Terkadang harapan, angan, cita-cita kita itu sangat kita kasihi sampai di ambang batas toleransi sehingga mengkaburkan kasih kita kepada Tuhan dengan kasih terhadap harapan kita (janji Tuhan) itu. Tuhan mau batasan yang jelas antara mengasihi Tuhan dengan mengasihi janji Tuhan itu. Bahkan beberapa orang lebih memuja janji Tuhan, berkat-berkat daripada Tuhan itu sendiri. Banyak orang yang mencari Tuhan hanya untuk memperoleh berkatNya, janjiNya, bahkan hanya keselamatan dariNya saja, namun kurang konsen untuk mencari Tuhan itu sendiri. Orang Farisi melakukan ibadah hanya untuk memperoleh keselamatan, bahkan tidak mau percaya kepada Yesus, Sang Penyelamat itu sendiri.

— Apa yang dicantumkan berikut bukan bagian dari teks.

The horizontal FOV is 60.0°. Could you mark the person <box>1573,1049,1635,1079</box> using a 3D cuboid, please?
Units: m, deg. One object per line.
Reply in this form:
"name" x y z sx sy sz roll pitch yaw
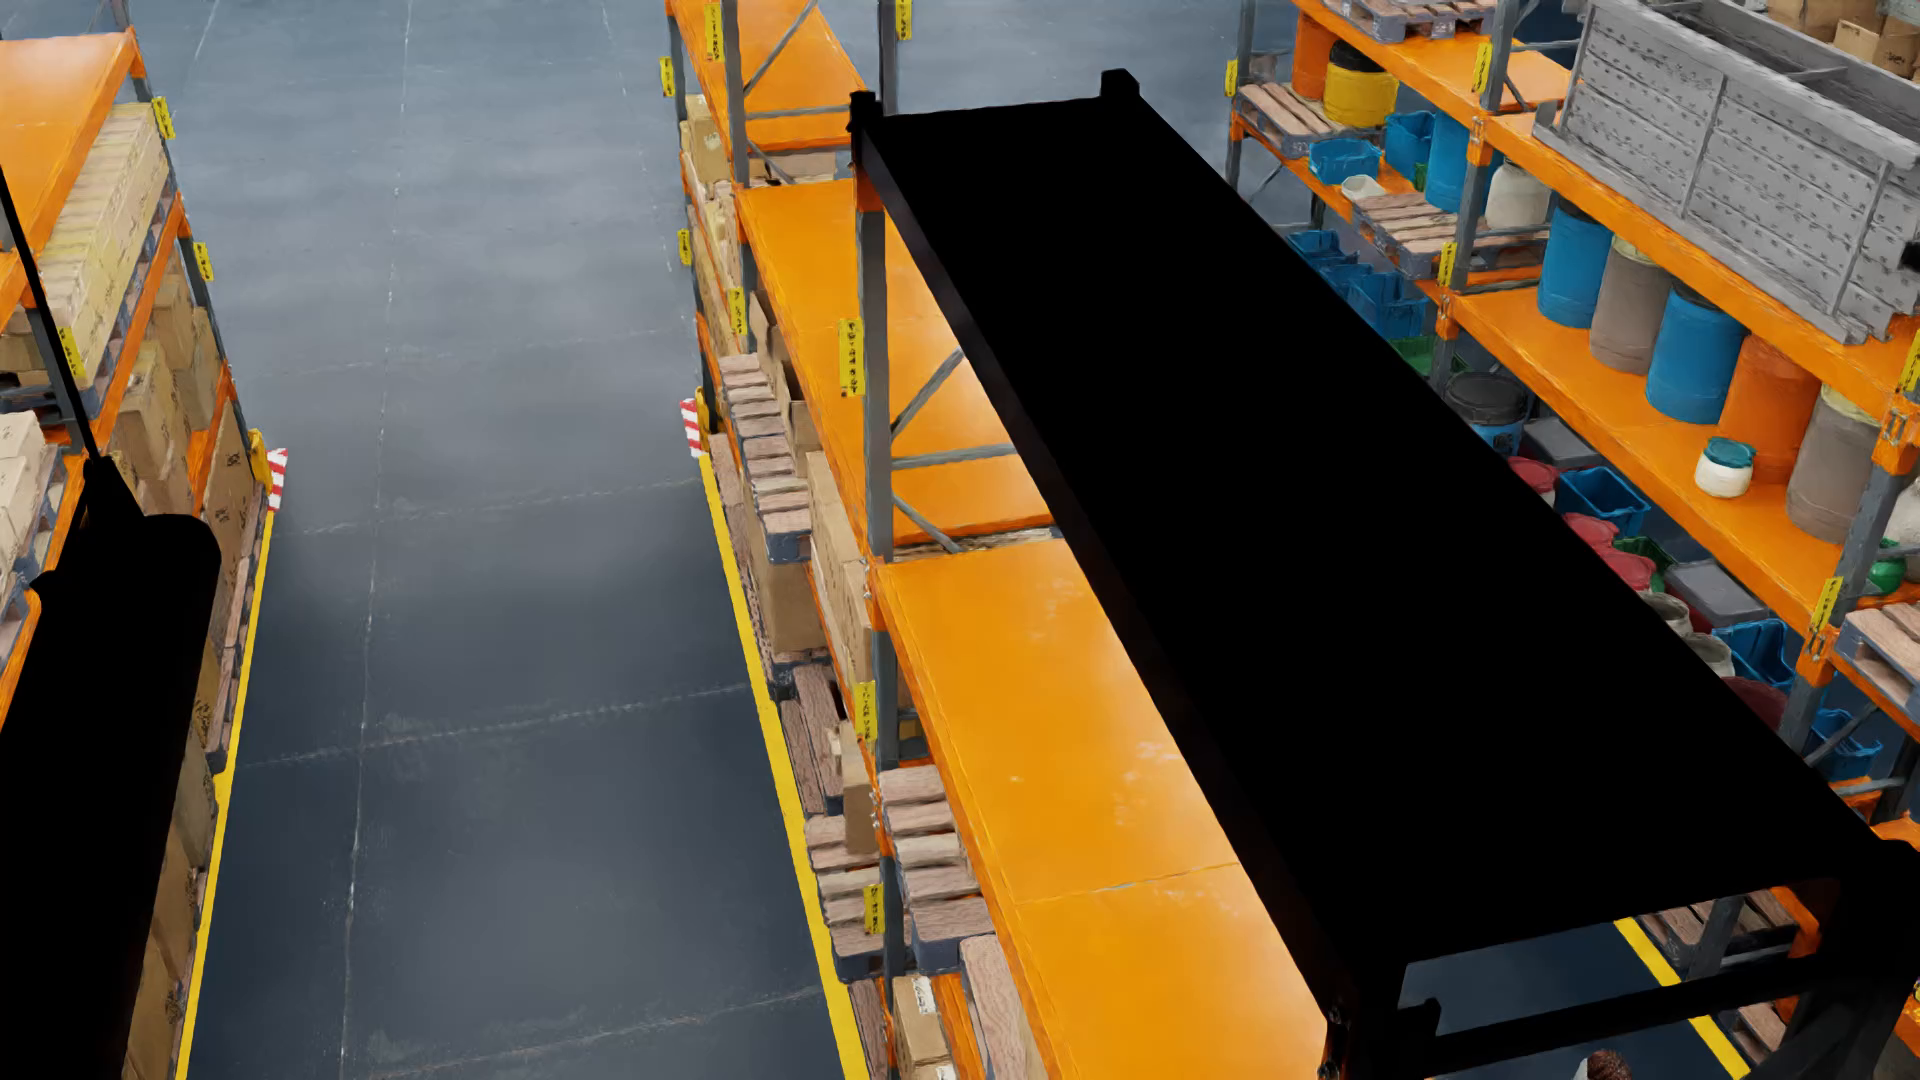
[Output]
"person" 3.056 3.059 8.196 0.522 1.591 0.523 8 35 12
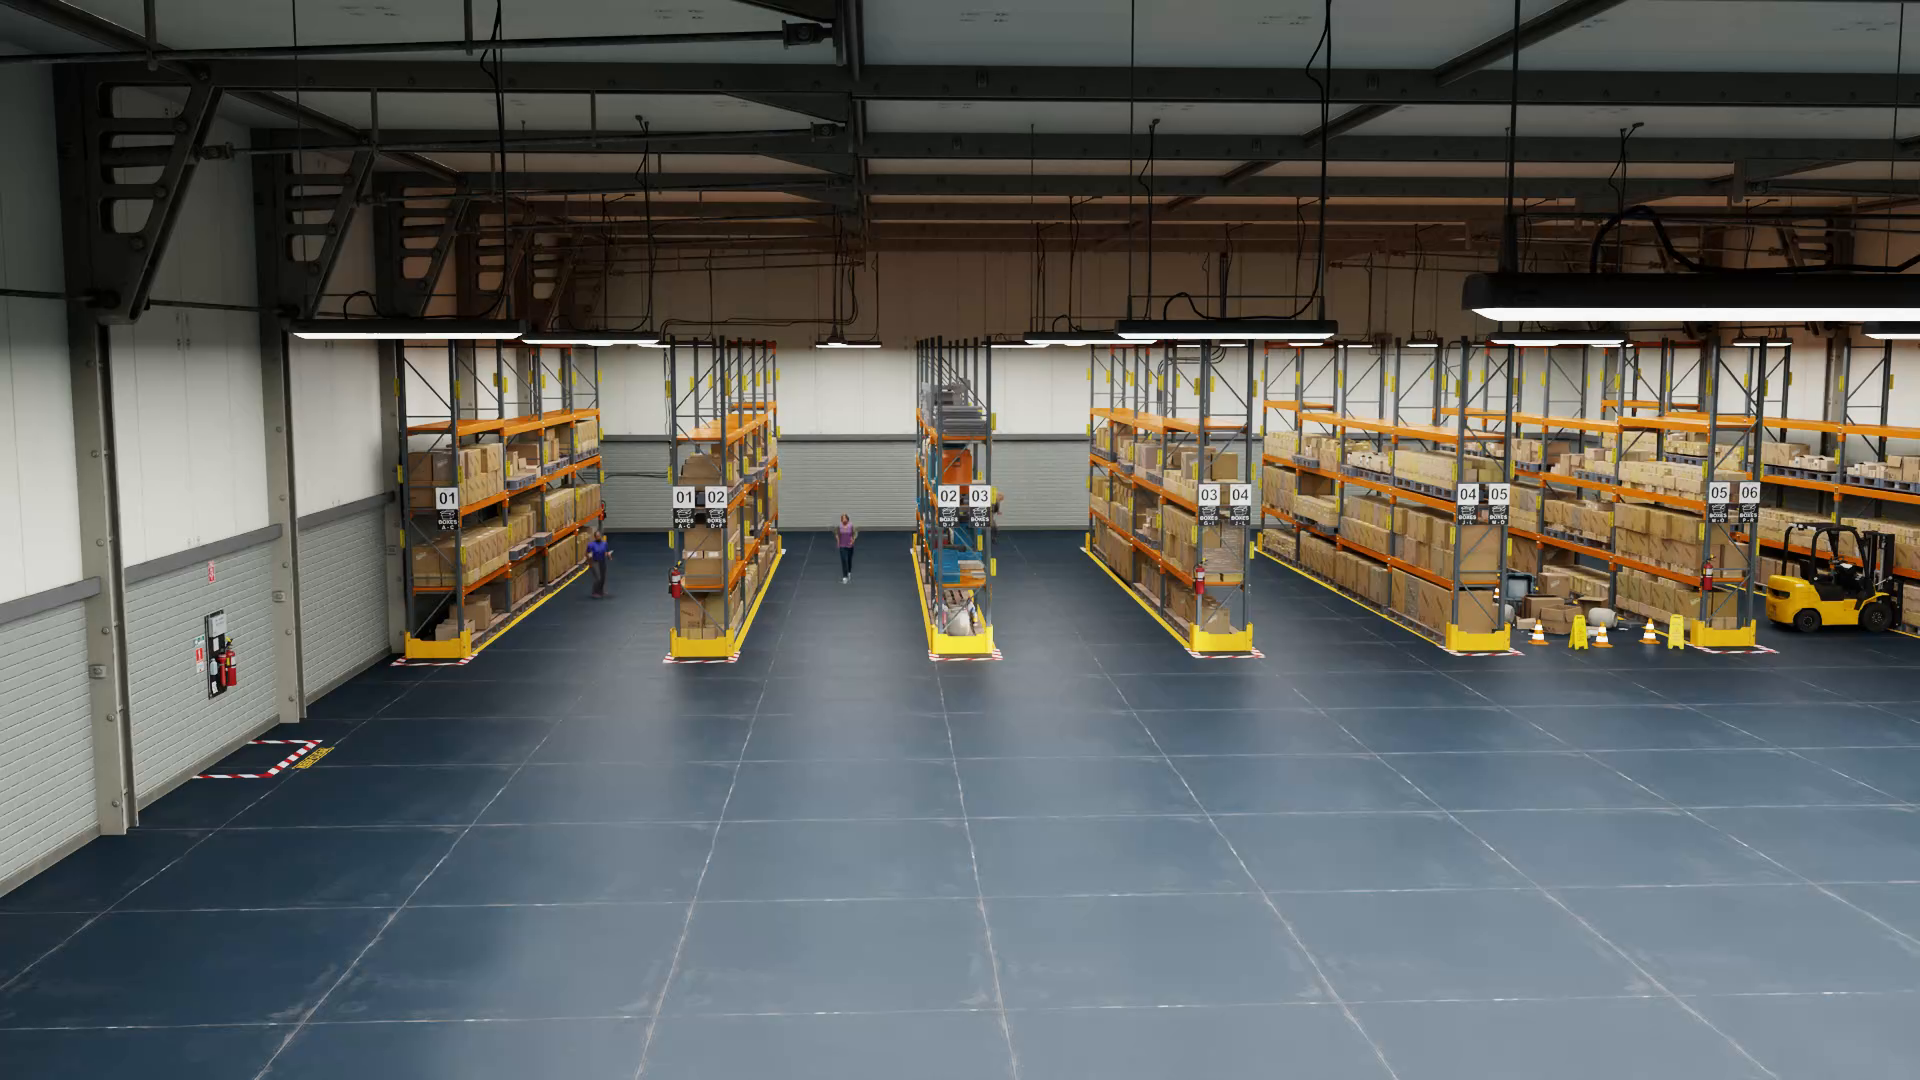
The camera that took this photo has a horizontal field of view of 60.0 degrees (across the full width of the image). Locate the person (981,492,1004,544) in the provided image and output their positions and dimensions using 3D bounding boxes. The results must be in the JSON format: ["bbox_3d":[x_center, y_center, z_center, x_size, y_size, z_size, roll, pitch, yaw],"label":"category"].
[{"bbox_3d":[0.793,-0.670,49.649,1.065,1.552,0.644,2,7,16],"label":"person"}]

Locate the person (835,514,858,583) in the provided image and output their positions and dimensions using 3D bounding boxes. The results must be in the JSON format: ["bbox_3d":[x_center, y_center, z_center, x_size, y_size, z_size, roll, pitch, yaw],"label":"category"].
[{"bbox_3d":[-2.682,0.182,39.333,0.541,1.626,0.668,0,6,1],"label":"person"}]

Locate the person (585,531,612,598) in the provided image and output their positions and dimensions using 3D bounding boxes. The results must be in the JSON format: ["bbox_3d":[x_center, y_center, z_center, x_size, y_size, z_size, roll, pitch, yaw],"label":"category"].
[{"bbox_3d":[-8.372,0.565,38.740,0.769,1.598,0.623,5,8,40],"label":"person"}]

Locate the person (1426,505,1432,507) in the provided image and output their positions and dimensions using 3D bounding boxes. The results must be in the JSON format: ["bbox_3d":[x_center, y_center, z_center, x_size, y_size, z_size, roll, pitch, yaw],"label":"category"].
[{"bbox_3d":[12.095,-0.059,43.026,0.699,1.826,0.916,-2,7,-15],"label":"person"}]
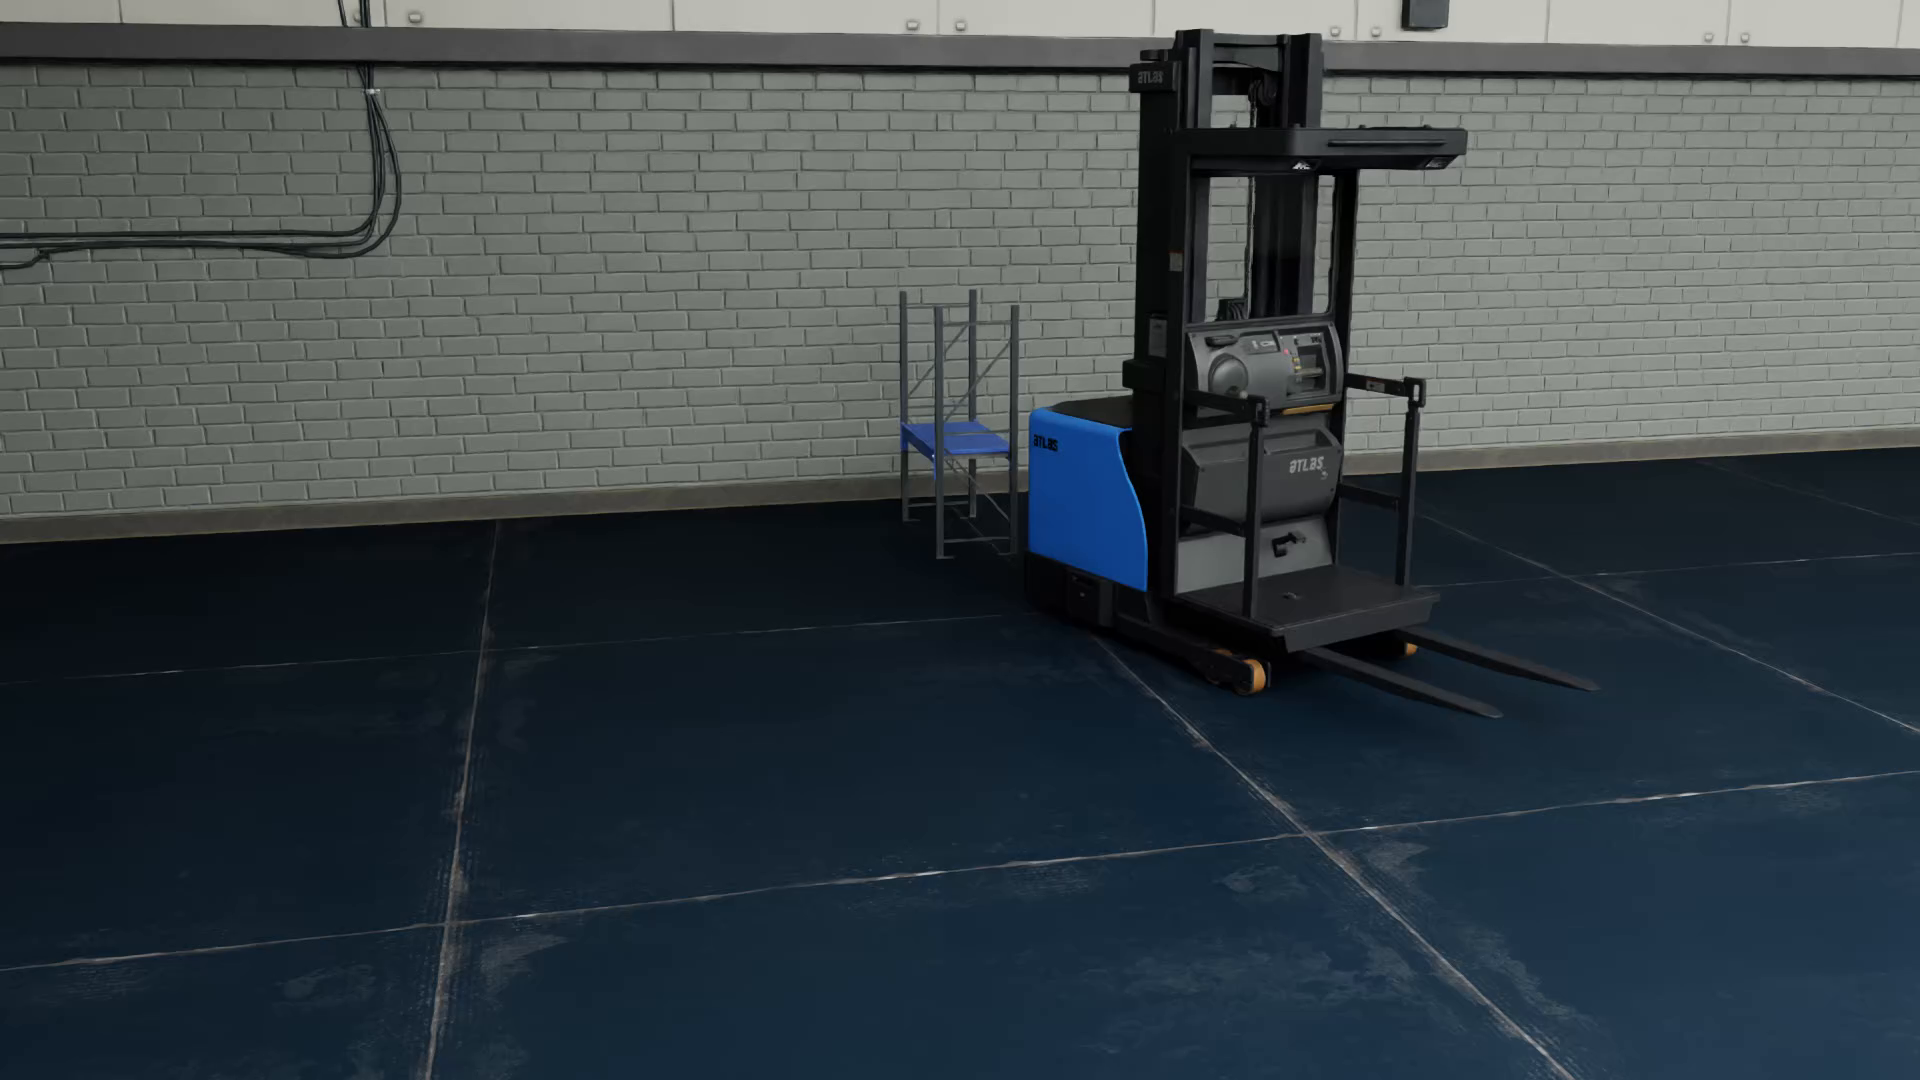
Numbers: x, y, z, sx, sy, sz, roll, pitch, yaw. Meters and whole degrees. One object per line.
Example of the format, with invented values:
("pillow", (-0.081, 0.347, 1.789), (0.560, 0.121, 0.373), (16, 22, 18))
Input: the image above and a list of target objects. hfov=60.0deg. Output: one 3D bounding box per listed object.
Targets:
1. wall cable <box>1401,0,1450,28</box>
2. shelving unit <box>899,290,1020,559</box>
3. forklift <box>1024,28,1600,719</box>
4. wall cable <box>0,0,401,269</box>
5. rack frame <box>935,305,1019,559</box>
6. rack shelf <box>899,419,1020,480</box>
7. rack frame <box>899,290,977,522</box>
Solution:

Dalam suatu proses pembuktian, Tuhan memisahkan kita sesaat dari ‘janjiNya’ baik yang telah kita terima ataupun yang akan kita terima itu, hanya untuk membuat kita fokus, menjadikan Tuhan yang terutama. Siapakah yang menjadi yang terutama (proton = prioritas waktu, tempat dan suasana adalah yang pertama) dalam hidup kita? Beranikah kita menyerahkan kembali ‘janji Tuhan’ itu, harapan-harapan dan cita-cita kita itu?
Ketika kita fokus kepada Tuhan, kita dapat naik ke gunung Tuhan, mendirikan mezbah, menyusun kayu dan meletakkan harapan kita di atas kayu api (Kej 22:9). Marilah kita meletakkan harapan di atas mezbah Tuhan sebelum semuanya itu dilaksanakan. Saat Abraham fokus kepada Tuhan dan berketetapan hati, ia dapat berkata “Tuhan menyediakan”, oleh sebab itulah Abraham disebut sahabat Allah. Marilah kita naik ke gunung Tuhan, marilah kita terlebih fokus kepada Tuhan sebab “Di atas gunung Tuhan, akan disediakan”.